Retype the data exactly, skipping any picture in it.
★ ★ ★ ★
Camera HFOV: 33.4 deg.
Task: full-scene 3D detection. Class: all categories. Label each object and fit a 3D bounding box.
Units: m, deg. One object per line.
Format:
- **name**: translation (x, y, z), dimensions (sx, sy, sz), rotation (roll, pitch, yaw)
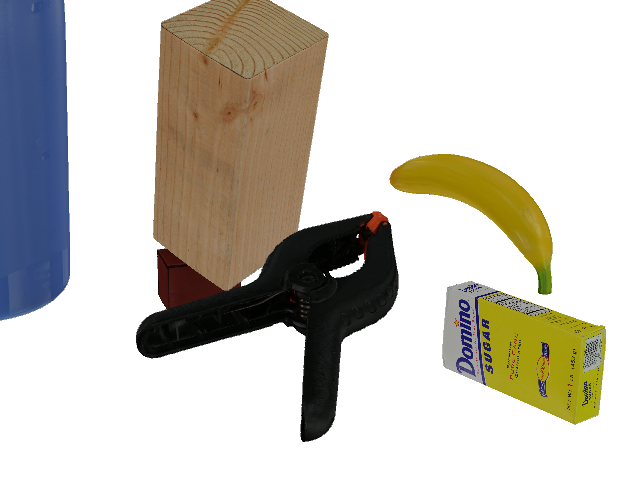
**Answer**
- **banana**: translation (0.130, -0.033, 0.904), dimensions (0.037, 0.070, 0.198), rotation (6, 26, -44)
- **sugar box**: translation (0.199, 0.109, 1.071), dimensions (0.048, 0.093, 0.177), rotation (-12, 20, -41)
- **clamp**: translation (-0.003, 0.041, 0.593), dimensions (0.120, 0.039, 0.171), rotation (35, 51, 27)
- **pitcher**: translation (-0.228, -0.071, 0.670), dimensions (0.149, 0.243, 0.145), rotation (-4, 26, -11)
- **foam brick**: translation (-0.125, 0.037, 1.099), dimensions (0.078, 0.051, 0.053), rotation (-6, 20, -19)
- **wood block**: translation (-0.067, -0.075, 0.829), dimensions (0.090, 0.206, 0.090), rotation (34, 48, 25)
★ ★ ★ ★
Your solution ->
Camera HFOV: 33.4 deg.
Task: full-scene 3D detection. Class: all categories. Label each object and fit a 3D bounding box.
Units: m, deg. One object per line.
Format:
- **name**: translation (x, y, z), dimensions (sx, sy, sz), rotation (roll, pitch, yaw)
**Answer**
- **banana**: translation (0.130, -0.033, 0.904), dimensions (0.037, 0.070, 0.198), rotation (6, 26, -44)
- **sugar box**: translation (0.199, 0.109, 1.071), dimensions (0.048, 0.093, 0.177), rotation (-12, 20, -41)
- **clamp**: translation (-0.003, 0.041, 0.593), dimensions (0.120, 0.039, 0.171), rotation (35, 51, 27)
- **pitcher**: translation (-0.228, -0.071, 0.670), dimensions (0.149, 0.243, 0.145), rotation (-4, 26, -11)
- **foam brick**: translation (-0.125, 0.037, 1.099), dimensions (0.078, 0.051, 0.053), rotation (-6, 20, -19)
- **wood block**: translation (-0.067, -0.075, 0.829), dimensions (0.090, 0.206, 0.090), rotation (34, 48, 25)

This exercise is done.